# What 9mm semi autos work best for large hands?



## bonmot (Aug 31, 2007)

I'm waiting for my Illinois FOID card (hopefully less than 30 days away), and I'm curious about what 9mm semi autos are best for large hands (large in terms of finger length, not thickness)? I can't handle any guns at my local dealer because I don't have the card yet. Just trying to do some homework in advance. Primary purposes - home defense and target shooting.

My budget is $350 to $600, and I was thinking about the CZ 75B in stainless. I'd really appreciate any practical advice I can get. If swapping grips out is a good solution, I'm willing to do it so long as I'm under budget.
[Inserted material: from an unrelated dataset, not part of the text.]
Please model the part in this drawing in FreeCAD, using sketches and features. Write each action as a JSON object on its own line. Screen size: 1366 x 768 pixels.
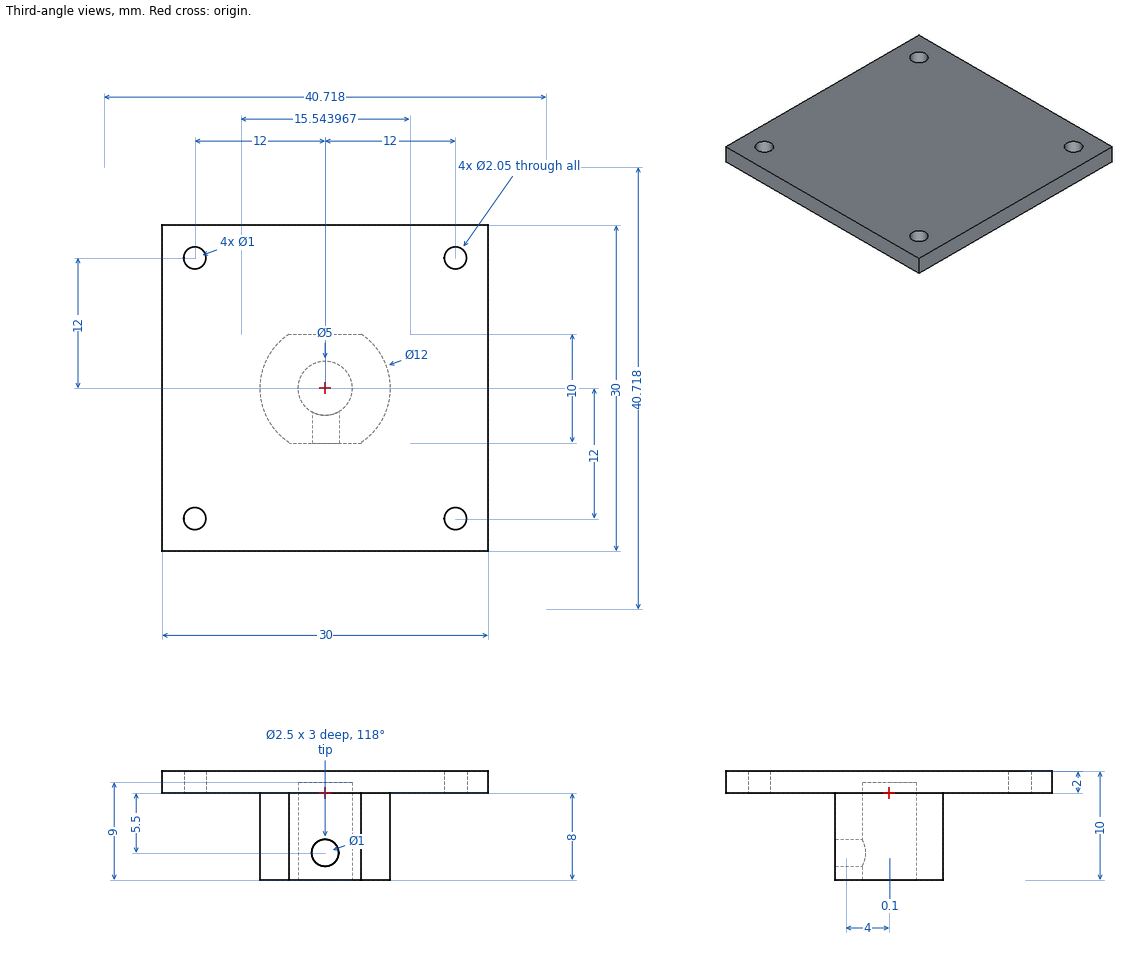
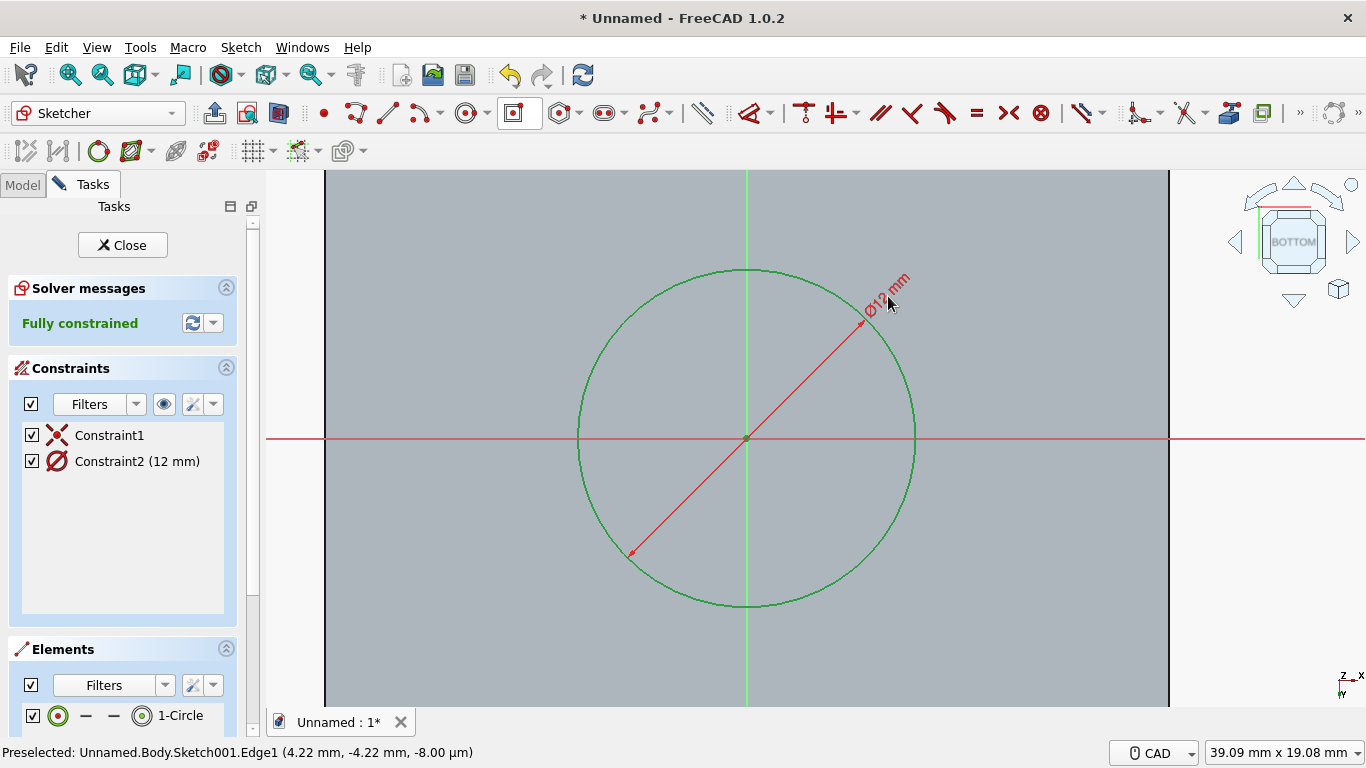
{"action": "left_click", "coordinate": [123, 245]}
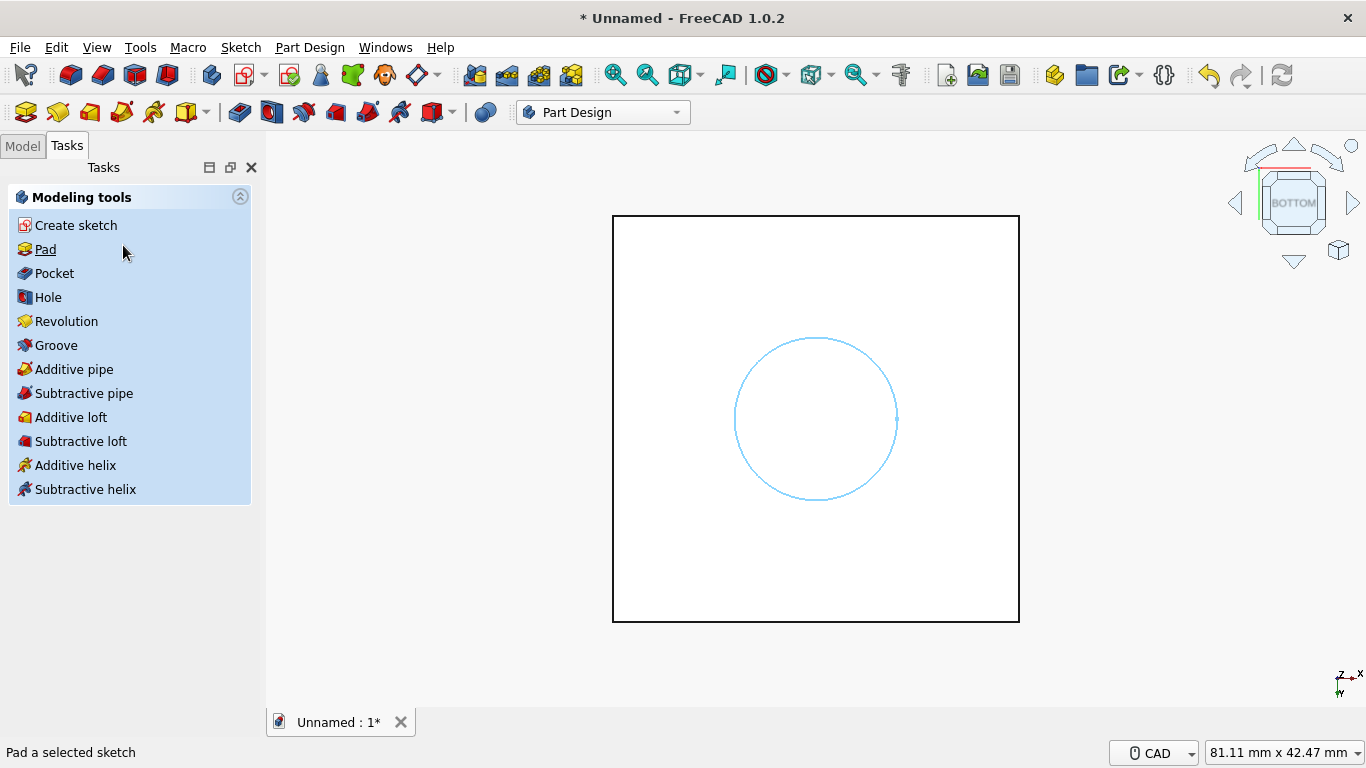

I know .45 ACP would give me a larger grip, but I think 9MM is my best choice for economy of target practice, mag capacity, and minimized recoil.

Thanks in advance,
bonmot


----------



## stormbringerr (May 22, 2007)

*XD*

try any caliber service Springfield XD.


----------



## Richard (May 8, 2006)

Why not go to shops and hold a bunch of 9mms? Pick the ones that feel the best, then try to rent and fire them. I have petite hands (size 12) and CZs, Glocks, Sigs, Brownings, and Rugers work for me. Regards, Richard


----------



## PhilR. (Apr 25, 2007)

The CZ75 and various clones such as the EAA Witness would be an excellent choice for your needs, and they are fairly large in the grip area. I'm thinking of getting one myself to serve as a range gun. Another to consider is the Walther P99 with large backstrap insert installed. A somewhat pricey option would be the H&K USP's.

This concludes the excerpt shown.